** TO DO **
Determine how many lines in the records below include the word "lightlight" and output that number alone.

Extracted data entries
* * * * * * * * *

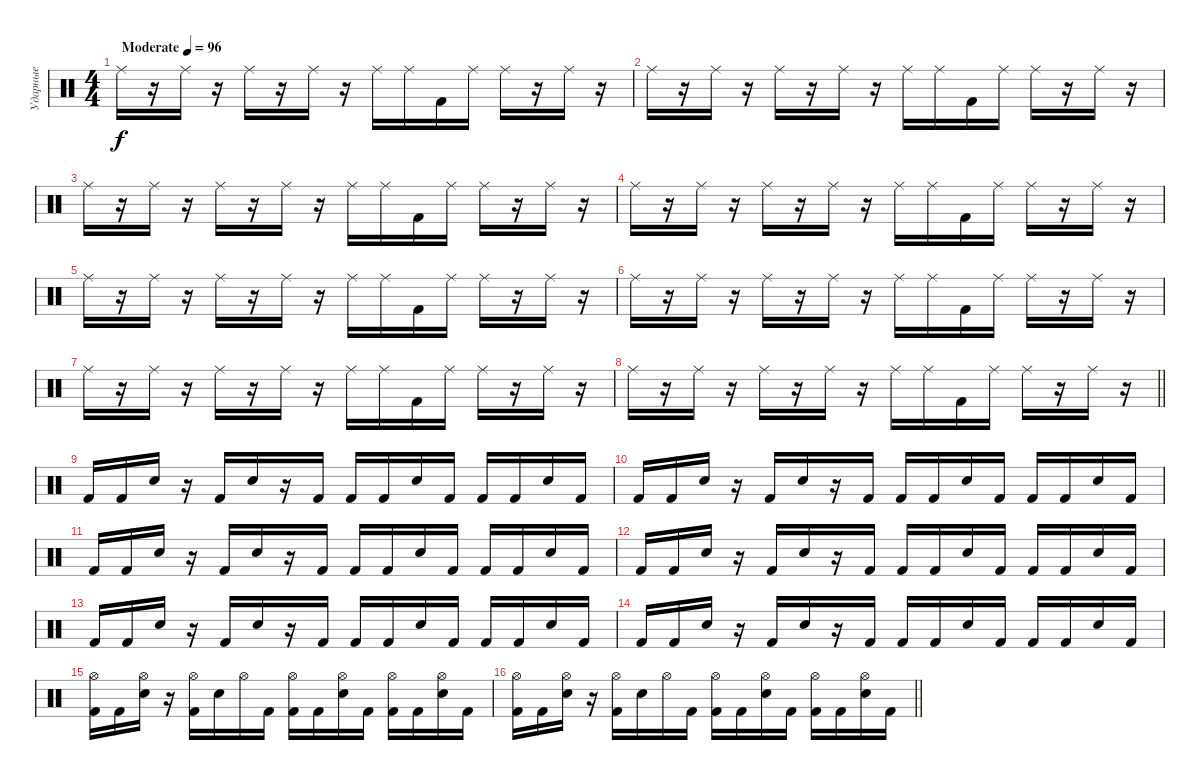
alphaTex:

\track ("Ударные" "Ударные") {instrument percussion}
\staff {score}
\articulation defaults
\ts (4 4)
\tempo (96 "Moderate")
\clef neutral
\ks c "Ride (middle)".16{dy f}
r.16 "Ride (middle)".16 r.16 "Ride (middle)".16 r.16 "Ride (middle)".16 r.16 "Ride (middle)".16 "Ride (middle)".16 "Kick (hit) 2".16 "Ride (middle)".16 "Ride (middle)".16 r.16 "Ride (middle)".16 r.16 |
"Ride (middle)".16 r.16 "Ride (middle)".16 r.16 "Ride (middle)".16 r.16 "Ride (middle)".16 r.16 "Ride (middle)".16 "Ride (middle)".16 "Kick (hit) 2".16 "Ride (middle)".16 "Ride (middle)".16 r.16 "Ride (middle)".16 r.16 |
"Ride (middle)".16 r.16 "Ride (middle)".16 r.16 "Ride (middle)".16 r.16 "Ride (middle)".16 r.16 "Ride (middle)".16 "Ride (middle)".16 "Kick (hit) 2".16 "Ride (middle)".16 "Ride (middle)".16 r.16 "Ride (middle)".16 r.16 |
"Ride (middle)".16 r.16 "Ride (middle)".16 r.16 "Ride (middle)".16 r.16 "Ride (middle)".16 r.16 "Ride (middle)".16 "Ride (middle)".16 "Kick (hit) 2".16 "Ride (middle)".16 "Ride (middle)".16 r.16 "Ride (middle)".16 r.16 |
"Ride (middle)".16 r.16 "Ride (middle)".16 r.16 "Ride (middle)".16 r.16 "Ride (middle)".16 r.16 "Ride (middle)".16 "Ride (middle)".16 "Kick (hit) 2".16 "Ride (middle)".16 "Ride (middle)".16 r.16 "Ride (middle)".16 r.16 |
"Ride (middle)".16 r.16 "Ride (middle)".16 r.16 "Ride (middle)".16 r.16 "Ride (middle)".16 r.16 "Ride (middle)".16 "Ride (middle)".16 "Kick (hit) 2".16 "Ride (middle)".16 "Ride (middle)".16 r.16 "Ride (middle)".16 r.16 |
"Ride (middle)".16 r.16 "Ride (middle)".16 r.16 "Ride (middle)".16 r.16 "Ride (middle)".16 r.16 "Ride (middle)".16 "Ride (middle)".16 "Kick (hit) 2".16 "Ride (middle)".16 "Ride (middle)".16 r.16 "Ride (middle)".16 r.16 |
\barLineRight lightlight "Ride (middle)".16
r.16 "Ride (middle)".16 r.16 "Ride (middle)".16 r.16 "Ride (middle)".16 r.16 "Ride (middle)".16 "Ride (middle)".16 "Kick (hit) 2".16 "Ride (middle)".16 "Ride (middle)".16 r.16 "Ride (middle)".16 r.16 |
\section ("" "")
"Kick (hit) 2".16 "Kick (hit) 2".16 "Electric Snare (hit)".16 r.16 "Kick (hit) 2".16 "Electric Snare (hit)".16 r.16 "Kick (hit) 2".16 "Kick (hit) 2".16 "Kick (hit) 2".16 "Electric Snare (hit)".16 "Kick (hit) 2".16 "Kick (hit) 2".16 "Kick (hit) 2".16 "Electric Snare (hit)".16 "Kick (hit) 2".16 |
"Kick (hit) 2".16 "Kick (hit) 2".16 "Electric Snare (hit)".16 r.16 "Kick (hit) 2".16 "Electric Snare (hit)".16 r.16 "Kick (hit) 2".16 "Kick (hit) 2".16 "Kick (hit) 2".16 "Electric Snare (hit)".16 "Kick (hit) 2".16 "Kick (hit) 2".16 "Kick (hit) 2".16 "Electric Snare (hit)".16 "Kick (hit) 2".16 |
"Kick (hit) 2".16 "Kick (hit) 2".16 "Electric Snare (hit)".16 r.16 "Kick (hit) 2".16 "Electric Snare (hit)".16 r.16 "Kick (hit) 2".16 "Kick (hit) 2".16 "Kick (hit) 2".16 "Electric Snare (hit)".16 "Kick (hit) 2".16 "Kick (hit) 2".16 "Kick (hit) 2".16 "Electric Snare (hit)".16 "Kick (hit) 2".16 |
"Kick (hit) 2".16 "Kick (hit) 2".16 "Electric Snare (hit)".16 r.16 "Kick (hit) 2".16 "Electric Snare (hit)".16 r.16 "Kick (hit) 2".16 "Kick (hit) 2".16 "Kick (hit) 2".16 "Electric Snare (hit)".16 "Kick (hit) 2".16 "Kick (hit) 2".16 "Kick (hit) 2".16 "Electric Snare (hit)".16 "Kick (hit) 2".16 |
"Kick (hit) 2".16 "Kick (hit) 2".16 "Electric Snare (hit)".16 r.16 "Kick (hit) 2".16 "Electric Snare (hit)".16 r.16 "Kick (hit) 2".16 "Kick (hit) 2".16 "Kick (hit) 2".16 "Electric Snare (hit)".16 "Kick (hit) 2".16 "Kick (hit) 2".16 "Kick (hit) 2".16 "Electric Snare (hit)".16 "Kick (hit) 2".16 |
"Kick (hit) 2".16 "Kick (hit) 2".16 "Electric Snare (hit)".16 r.16 "Kick (hit) 2".16 "Electric Snare (hit)".16 r.16 "Kick (hit) 2".16 "Kick (hit) 2".16 "Kick (hit) 2".16 "Electric Snare (hit)".16 "Kick (hit) 2".16 "Kick (hit) 2".16 "Kick (hit) 2".16 "Electric Snare (hit)".16 "Kick (hit) 2".16 |
("Hi-Hat (open)" "Kick (hit) 2").16 "Kick (hit) 2".16 ("Hi-Hat (open)" "Electric Snare (hit)").16 r.16 ("Hi-Hat (open)" "Kick (hit) 2").16 "Electric Snare (hit)".16 "Hi-Hat (open)".16 "Kick (hit) 2".16 ("Hi-Hat (open)" "Kick (hit) 2").16 "Kick (hit) 2".16 ("Hi-Hat (open)" "Electric Snare (hit)").16 "Kick (hit) 2".16 ("Hi-Hat (open)" "Kick (hit) 2").16 "Kick (hit) 2".16 ("Hi-Hat (open)" "Electric Snare (hit)").16 "Kick (hit) 2".16 |
\barLineRight lightlight
("Hi-Hat (open)" "Kick (hit) 2").16 "Kick (hit) 2".16 ("Hi-Hat (open)" "Electric Snare (hit)").16 r.16 ("Hi-Hat (open)" "Kick (hit) 2").16 "Electric Snare (hit)".16 "Hi-Hat (open)".16 "Kick (hit) 2".16 ("Hi-Hat (open)" "Kick (hit) 2").16 "Kick (hit) 2".16 ("Hi-Hat (open)" "Electric Snare (hit)").16 "Kick (hit) 2".16 ("Hi-Hat (open)" "Kick (hit) 2").16 "Kick (hit) 2".16 ("Hi-Hat (open)" "Electric Snare (hit)").16 "Kick (hit) 2".16

* * * * * * * * *

** EXERCISE OUTPUT **
2